Drunk x Brooklyn = problems getting home. If I don't make it you can have my computer and my bitches. You're welcome.
just left the emergency room. condom extraction.
he yelled 'rock me amadeus!' when he came
i love that song!
NOT THE POINT
i normally make it a rule to leave when white people start rapping... but they had blow.
Restaurants Roasting People Who Gave Them Negative Yelp Reviews (25 Pics)
Dont even try and act like it wasn't you who made the sex tape of my dogs.
You're not invited to the wedding. They don't want you starting a "who's fucked the bride the most" contest.
even the AIR tastes like tequila.
ORGASMS AND PIZZA
PIZZA AND ORGASMS
I don't need to marry the guy.
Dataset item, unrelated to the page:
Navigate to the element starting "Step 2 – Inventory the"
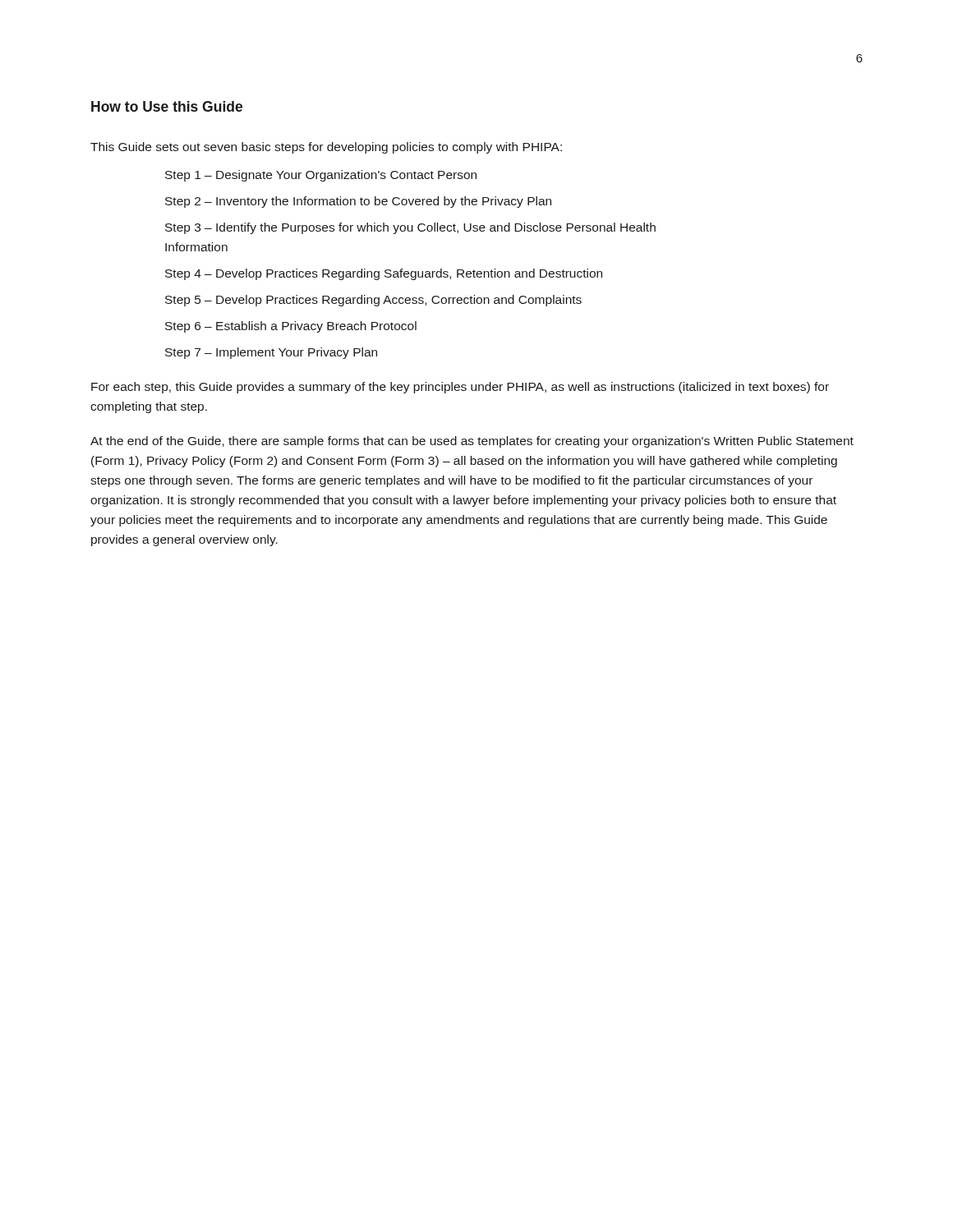 click(358, 201)

I just need some filthy, shameful wish fulfillment sex and then live out the rest of my life on the bean farm.
Woman Posts Harassing DMs From Creep Online, Now He’s Upset Because People Told His Mom
Hypothetically speaking, at what point does fire become too much fire?
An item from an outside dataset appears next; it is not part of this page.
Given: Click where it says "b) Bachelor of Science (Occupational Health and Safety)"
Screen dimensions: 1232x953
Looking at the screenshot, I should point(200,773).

I know EXACTLY where things went wrong with her...I didn't use Cheetos as a wooing tool.
The kitchen also doubles as a screaming room after midnight as long as you have something to muffle the sound
last night I mixed vodka in with my protein shake... and you tell me my new years resolution was impossible
I dont know who to turn my two weeks notice into so I'm just going to get hammered at work and see who fires me.
You know that tattoo place next to Dallas? The naked sexy frog on my neck is proof that their "won't tattoo if drunk" sign is bullshit!